6.3. Control through genetic resistance
18The use of resistant common bean cultivars is the most efficient management strategy against root rot diseases. This approach is especially appropriate for small farmers with low inputs. However, the strategy requires the development of adapted common bean cultivars with resistance to all the major root rot pathogens that prevail in a given bean growing region (Abawi et al., 2006).
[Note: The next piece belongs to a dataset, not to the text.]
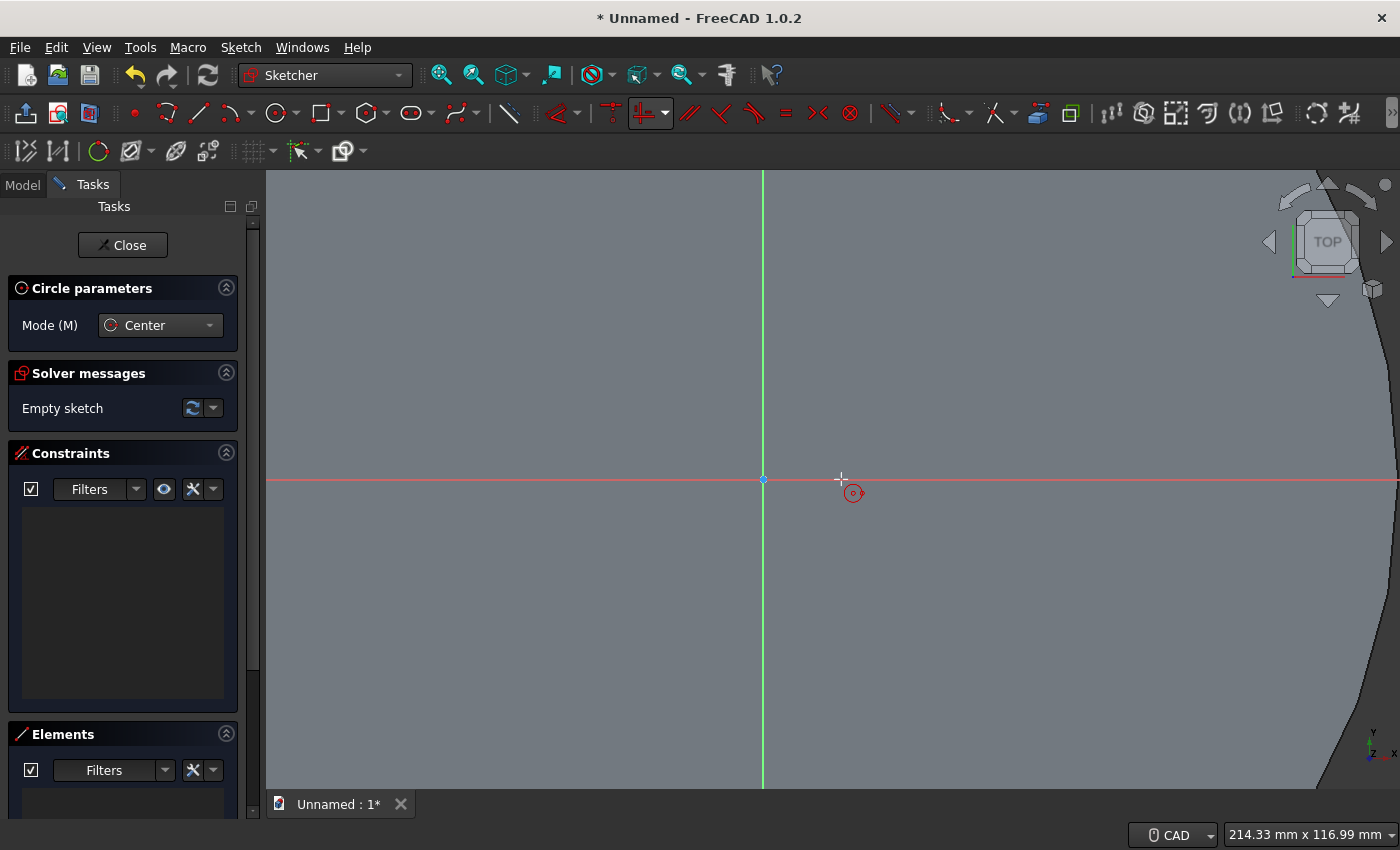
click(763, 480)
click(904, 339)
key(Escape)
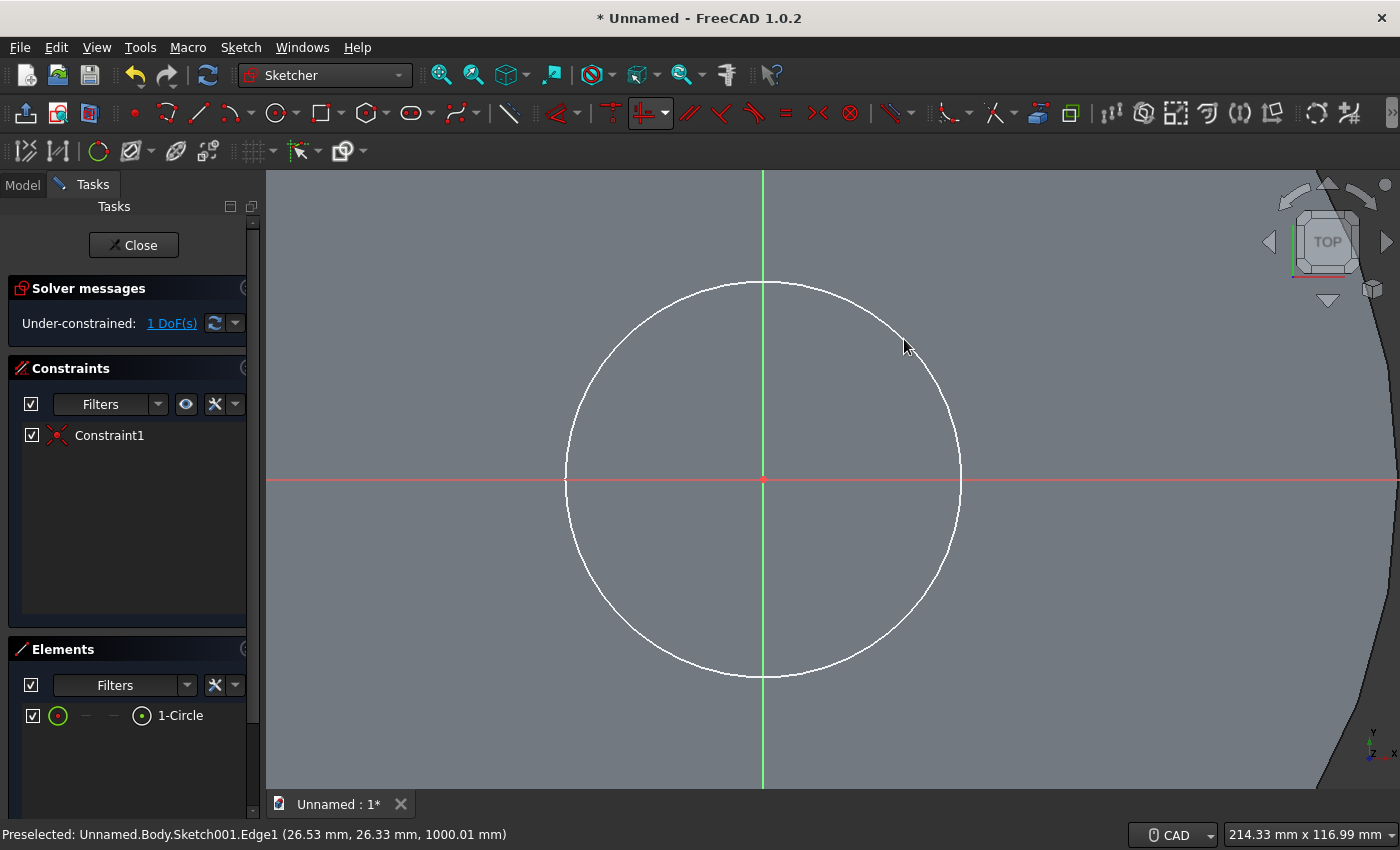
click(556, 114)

19Plant resistance to diseases is defined as the ability of the host plant to hinder the growth and/or development of the pathogen (Parlevliet, 1979). Van der Plank (1963) classified plant resistance into two main categories: vertical and horizontal. Vertical resistance is race-specific and is characterized by specific interactions between the plant genotypes (or varieties) and the pathogen races (or strains). On the other hand, horizontal resistance is race-non-specific and is characterized by the absence of any specific interaction between host and pathogen genotypes (Robinson, 1987). The studies of Otsyula et al. (1998) and of Buruchara et al. (2001) aimed to identify resistance to P. ultimum root rot within Phaseolus vulgaris, through the evaluation of artificial inoculation under screenhouse conditions. In those studies, an isolate from P. ultimum was chosen for the artificial inoculation, due to its wide distribution and severity in East and Central Africa, as reported by Mukalazi (2004). The tested common bean materials belonged to the two major genepools of the food legume, i.e. the Mesoamerican and Andean genepool (as identified by Singh et al., 1991). The severity of lesions on the roots of the bean plants was scored using the CIAT 1-9 scale (as devised by Van Schoonhoven et al., 1987).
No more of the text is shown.